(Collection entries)
══════

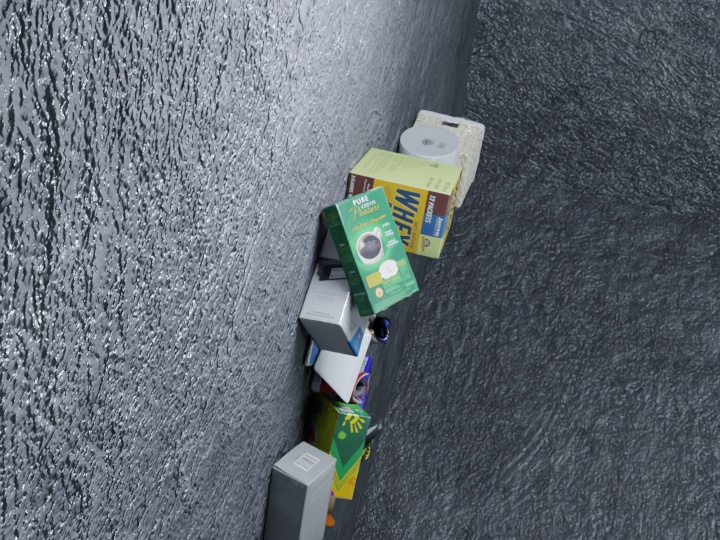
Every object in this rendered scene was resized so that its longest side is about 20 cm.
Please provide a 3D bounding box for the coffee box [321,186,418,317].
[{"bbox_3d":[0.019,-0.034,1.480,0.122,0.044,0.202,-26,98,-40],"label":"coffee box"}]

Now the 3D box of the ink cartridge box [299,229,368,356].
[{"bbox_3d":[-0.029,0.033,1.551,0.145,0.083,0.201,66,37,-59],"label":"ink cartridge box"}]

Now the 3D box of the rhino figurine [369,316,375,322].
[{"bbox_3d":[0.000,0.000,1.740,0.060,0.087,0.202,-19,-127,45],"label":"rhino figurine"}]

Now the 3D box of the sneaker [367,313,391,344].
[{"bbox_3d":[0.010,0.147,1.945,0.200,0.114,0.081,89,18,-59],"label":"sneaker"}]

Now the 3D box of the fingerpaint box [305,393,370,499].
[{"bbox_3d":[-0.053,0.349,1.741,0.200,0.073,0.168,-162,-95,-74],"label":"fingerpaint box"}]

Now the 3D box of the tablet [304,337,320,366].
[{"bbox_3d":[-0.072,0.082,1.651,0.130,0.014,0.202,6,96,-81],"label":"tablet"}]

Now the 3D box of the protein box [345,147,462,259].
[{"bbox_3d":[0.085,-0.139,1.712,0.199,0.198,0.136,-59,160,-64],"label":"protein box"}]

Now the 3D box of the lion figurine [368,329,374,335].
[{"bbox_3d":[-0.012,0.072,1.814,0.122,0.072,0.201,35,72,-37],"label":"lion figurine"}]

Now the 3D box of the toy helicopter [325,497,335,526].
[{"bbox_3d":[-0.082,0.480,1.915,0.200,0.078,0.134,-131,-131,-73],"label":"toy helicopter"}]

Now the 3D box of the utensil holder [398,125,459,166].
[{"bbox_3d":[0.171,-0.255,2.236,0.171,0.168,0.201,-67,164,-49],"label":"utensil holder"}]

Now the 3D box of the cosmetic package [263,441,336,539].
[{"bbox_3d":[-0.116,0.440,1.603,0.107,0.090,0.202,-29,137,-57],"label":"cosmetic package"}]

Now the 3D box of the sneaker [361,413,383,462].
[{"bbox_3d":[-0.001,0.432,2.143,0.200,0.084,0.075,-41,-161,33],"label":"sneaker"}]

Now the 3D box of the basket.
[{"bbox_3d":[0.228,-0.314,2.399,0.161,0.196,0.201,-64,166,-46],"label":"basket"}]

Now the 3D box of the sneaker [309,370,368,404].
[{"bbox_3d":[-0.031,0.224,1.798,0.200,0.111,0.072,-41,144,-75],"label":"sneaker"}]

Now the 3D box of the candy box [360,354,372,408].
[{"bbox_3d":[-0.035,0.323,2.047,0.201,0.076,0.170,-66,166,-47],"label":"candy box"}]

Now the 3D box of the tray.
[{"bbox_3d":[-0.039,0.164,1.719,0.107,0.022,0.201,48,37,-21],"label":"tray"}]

══════

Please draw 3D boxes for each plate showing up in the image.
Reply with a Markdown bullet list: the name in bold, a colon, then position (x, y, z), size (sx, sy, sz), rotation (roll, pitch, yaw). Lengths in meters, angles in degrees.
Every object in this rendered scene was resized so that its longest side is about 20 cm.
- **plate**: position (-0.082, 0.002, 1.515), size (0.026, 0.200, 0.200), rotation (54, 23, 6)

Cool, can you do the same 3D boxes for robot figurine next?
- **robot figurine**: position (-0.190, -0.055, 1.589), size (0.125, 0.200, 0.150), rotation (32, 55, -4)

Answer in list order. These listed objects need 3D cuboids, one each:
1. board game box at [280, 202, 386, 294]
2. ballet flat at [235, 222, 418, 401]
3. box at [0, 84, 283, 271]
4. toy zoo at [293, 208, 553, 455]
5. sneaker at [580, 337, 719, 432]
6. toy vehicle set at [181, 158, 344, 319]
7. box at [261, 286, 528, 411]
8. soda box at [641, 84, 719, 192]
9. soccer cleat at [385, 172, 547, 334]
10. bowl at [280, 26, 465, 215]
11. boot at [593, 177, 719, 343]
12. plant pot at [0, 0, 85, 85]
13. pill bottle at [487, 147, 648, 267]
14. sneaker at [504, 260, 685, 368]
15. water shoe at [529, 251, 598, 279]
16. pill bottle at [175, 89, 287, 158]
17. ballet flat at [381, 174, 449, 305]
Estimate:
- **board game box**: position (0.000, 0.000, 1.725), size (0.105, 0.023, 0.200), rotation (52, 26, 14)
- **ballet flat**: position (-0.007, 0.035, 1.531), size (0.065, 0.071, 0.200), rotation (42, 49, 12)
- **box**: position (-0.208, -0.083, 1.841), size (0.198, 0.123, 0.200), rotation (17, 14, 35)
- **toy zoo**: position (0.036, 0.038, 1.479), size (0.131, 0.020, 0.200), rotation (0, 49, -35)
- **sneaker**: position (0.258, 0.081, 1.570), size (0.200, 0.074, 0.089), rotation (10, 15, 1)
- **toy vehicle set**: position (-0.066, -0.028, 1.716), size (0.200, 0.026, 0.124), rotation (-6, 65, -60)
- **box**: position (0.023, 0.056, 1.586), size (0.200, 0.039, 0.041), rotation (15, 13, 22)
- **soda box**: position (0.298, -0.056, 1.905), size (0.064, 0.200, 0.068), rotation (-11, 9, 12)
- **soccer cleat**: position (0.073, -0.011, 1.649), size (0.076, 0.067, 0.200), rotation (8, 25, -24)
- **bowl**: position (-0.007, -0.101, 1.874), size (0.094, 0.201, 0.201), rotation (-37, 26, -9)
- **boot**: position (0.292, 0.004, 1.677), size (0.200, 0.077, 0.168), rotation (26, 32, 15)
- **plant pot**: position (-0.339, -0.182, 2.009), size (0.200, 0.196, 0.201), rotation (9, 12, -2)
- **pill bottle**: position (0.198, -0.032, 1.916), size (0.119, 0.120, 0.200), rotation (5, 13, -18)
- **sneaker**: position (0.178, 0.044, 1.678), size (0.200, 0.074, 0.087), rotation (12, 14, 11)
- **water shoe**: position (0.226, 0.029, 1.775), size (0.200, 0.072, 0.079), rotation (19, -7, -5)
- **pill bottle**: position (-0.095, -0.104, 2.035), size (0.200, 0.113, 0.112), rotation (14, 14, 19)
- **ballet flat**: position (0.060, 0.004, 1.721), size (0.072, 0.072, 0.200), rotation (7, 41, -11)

══════

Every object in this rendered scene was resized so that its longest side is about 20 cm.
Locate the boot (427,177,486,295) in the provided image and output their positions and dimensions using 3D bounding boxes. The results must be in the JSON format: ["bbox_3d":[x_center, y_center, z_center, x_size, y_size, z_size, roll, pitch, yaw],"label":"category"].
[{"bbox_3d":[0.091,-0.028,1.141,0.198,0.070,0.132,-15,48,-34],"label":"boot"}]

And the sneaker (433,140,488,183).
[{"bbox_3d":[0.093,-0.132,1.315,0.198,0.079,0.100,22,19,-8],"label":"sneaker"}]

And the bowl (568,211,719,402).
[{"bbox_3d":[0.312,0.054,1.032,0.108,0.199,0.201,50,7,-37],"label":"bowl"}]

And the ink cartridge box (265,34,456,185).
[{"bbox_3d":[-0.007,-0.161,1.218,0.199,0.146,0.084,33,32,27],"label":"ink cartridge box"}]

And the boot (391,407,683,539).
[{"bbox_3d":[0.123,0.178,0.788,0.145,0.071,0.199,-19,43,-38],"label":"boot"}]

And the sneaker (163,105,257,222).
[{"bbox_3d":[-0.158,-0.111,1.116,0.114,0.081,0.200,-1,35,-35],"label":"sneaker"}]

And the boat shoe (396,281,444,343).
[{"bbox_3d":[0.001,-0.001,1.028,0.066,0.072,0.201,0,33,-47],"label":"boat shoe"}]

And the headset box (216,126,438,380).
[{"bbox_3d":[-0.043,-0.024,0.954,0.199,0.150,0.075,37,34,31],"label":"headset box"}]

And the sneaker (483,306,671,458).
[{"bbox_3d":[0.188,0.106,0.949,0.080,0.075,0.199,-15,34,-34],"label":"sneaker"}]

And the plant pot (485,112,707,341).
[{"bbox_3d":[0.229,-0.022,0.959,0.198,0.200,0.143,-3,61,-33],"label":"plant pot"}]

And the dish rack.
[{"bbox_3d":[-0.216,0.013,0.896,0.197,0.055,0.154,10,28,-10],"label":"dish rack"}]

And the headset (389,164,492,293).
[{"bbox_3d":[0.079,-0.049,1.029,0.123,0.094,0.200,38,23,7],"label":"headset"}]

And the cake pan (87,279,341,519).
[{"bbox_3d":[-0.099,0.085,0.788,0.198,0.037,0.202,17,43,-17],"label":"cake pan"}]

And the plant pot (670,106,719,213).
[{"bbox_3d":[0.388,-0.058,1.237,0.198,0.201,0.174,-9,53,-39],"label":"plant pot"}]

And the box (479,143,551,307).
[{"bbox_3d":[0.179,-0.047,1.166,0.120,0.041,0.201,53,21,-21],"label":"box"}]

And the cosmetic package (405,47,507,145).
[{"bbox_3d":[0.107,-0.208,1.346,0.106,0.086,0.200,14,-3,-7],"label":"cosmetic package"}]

══════

Try it: Report the lines above that contain "each".

Exercise response:
Please draw 3D boxes for each plate showing up in the image.
Answer in list order. These listed objects need 3D cuboids, one each:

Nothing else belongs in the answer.